• _DESCRIPTION OF THE TASK_: Read each of the lines below and tally those with "employed"; the tally is the whole answer.

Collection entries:
****

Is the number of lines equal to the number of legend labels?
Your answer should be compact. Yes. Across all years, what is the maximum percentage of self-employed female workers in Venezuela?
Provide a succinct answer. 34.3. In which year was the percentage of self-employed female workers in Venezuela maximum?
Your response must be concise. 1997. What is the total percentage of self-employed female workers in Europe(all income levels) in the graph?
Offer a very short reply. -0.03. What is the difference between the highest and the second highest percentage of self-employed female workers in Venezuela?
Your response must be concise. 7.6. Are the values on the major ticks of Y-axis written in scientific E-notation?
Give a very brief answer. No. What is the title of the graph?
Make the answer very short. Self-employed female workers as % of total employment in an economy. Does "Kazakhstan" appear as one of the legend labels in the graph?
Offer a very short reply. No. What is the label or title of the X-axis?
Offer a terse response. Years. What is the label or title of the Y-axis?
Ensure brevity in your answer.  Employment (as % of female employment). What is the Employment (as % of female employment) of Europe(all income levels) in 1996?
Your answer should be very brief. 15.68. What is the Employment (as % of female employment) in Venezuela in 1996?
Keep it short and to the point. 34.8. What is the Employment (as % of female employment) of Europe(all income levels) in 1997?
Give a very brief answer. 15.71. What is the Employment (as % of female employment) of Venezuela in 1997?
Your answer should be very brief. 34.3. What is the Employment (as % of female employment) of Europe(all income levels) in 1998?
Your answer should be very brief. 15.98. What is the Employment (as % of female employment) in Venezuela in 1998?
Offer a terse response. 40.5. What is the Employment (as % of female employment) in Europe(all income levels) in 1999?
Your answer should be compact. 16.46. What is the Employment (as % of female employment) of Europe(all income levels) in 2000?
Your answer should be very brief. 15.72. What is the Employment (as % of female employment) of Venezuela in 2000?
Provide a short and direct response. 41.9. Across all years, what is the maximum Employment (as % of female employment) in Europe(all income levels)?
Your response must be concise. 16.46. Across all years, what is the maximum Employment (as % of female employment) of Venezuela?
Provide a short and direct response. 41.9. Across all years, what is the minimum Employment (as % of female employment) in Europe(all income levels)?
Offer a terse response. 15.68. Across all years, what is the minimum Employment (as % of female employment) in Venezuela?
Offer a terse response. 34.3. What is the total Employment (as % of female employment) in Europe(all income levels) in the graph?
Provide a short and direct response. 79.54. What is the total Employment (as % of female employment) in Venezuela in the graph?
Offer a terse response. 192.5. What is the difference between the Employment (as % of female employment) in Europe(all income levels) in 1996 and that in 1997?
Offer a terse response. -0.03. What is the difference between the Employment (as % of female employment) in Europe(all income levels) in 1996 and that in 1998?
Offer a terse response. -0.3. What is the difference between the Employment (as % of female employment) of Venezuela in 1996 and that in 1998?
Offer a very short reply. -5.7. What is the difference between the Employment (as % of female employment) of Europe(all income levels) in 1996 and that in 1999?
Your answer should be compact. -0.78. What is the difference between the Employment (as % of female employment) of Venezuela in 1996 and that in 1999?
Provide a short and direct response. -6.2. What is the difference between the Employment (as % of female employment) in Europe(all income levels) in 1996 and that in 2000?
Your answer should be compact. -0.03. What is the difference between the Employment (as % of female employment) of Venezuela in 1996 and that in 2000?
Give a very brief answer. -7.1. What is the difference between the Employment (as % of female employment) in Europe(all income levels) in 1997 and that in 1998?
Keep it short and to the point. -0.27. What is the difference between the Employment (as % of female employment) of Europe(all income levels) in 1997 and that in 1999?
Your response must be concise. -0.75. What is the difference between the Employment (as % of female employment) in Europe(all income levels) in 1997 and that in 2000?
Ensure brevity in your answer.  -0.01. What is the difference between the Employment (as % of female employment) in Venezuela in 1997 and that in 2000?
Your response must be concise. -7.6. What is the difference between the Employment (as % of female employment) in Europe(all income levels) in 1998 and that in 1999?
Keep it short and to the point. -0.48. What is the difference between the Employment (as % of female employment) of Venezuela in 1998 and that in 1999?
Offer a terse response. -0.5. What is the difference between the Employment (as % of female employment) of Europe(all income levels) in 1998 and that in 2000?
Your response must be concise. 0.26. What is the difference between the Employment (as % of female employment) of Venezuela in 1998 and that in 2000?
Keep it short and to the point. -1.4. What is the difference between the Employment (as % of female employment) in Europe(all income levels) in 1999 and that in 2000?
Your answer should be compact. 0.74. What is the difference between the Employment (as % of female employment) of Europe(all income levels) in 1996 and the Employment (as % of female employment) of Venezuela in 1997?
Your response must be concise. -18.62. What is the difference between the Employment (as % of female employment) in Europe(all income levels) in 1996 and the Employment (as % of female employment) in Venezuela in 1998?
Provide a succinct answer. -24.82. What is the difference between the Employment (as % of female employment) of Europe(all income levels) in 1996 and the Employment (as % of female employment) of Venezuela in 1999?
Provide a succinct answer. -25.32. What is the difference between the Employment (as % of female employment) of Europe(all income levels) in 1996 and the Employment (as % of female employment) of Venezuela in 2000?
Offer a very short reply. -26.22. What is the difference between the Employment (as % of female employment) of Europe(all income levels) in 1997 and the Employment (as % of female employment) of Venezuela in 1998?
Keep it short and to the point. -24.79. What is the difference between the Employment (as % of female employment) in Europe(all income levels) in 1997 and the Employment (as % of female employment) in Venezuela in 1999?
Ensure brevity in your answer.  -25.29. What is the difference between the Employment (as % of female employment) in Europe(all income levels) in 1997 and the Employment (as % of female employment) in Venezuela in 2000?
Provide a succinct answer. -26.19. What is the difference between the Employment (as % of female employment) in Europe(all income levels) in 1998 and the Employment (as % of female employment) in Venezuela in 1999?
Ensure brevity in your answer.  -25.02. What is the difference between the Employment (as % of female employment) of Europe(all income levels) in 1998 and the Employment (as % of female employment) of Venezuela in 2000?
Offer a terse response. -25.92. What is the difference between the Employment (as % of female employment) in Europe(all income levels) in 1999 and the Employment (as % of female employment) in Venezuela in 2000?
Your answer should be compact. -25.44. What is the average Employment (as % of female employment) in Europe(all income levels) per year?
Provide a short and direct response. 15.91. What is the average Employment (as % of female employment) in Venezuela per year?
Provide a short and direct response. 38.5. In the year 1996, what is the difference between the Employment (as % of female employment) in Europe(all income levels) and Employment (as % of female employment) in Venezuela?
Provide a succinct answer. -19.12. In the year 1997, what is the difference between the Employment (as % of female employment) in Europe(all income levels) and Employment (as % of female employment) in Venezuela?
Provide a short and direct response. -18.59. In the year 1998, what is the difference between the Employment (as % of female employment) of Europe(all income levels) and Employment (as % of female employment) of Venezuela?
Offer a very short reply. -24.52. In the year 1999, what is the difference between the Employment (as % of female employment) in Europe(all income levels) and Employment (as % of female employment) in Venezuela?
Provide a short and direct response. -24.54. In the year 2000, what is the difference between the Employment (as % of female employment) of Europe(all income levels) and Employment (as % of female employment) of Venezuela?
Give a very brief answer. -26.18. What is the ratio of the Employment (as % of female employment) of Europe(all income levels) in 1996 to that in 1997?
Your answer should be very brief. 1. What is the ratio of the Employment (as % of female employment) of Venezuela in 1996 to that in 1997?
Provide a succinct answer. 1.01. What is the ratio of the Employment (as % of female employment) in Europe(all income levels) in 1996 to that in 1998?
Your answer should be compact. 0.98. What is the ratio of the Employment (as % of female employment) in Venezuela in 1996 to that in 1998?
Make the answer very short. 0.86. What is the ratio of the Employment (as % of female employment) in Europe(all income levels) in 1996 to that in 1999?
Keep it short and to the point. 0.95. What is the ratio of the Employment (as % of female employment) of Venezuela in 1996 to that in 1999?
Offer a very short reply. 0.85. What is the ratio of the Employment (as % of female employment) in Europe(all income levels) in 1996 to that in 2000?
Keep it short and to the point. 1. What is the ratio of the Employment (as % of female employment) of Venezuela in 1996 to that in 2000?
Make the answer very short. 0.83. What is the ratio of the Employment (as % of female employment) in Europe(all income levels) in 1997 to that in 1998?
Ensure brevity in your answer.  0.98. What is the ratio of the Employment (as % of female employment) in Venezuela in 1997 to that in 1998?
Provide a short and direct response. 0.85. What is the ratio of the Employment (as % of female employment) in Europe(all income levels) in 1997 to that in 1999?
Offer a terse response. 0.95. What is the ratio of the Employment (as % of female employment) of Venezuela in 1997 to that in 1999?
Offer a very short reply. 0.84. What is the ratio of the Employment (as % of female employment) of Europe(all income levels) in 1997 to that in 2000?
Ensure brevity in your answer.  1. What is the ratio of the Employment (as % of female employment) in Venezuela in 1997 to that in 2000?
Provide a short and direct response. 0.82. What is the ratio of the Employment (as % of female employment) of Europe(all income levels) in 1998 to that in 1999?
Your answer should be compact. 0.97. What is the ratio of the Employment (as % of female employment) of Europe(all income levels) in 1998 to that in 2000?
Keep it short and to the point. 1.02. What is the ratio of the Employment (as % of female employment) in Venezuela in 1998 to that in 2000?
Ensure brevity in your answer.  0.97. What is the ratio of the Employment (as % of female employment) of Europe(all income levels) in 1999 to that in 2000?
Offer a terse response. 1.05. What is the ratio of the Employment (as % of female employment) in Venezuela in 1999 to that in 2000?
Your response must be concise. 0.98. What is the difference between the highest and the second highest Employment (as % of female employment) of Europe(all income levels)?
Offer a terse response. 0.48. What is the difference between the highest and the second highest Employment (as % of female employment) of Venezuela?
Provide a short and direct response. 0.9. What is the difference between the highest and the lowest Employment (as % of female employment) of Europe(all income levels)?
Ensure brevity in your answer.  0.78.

****

• _SOLUTION TO THE PROBLEM_: 5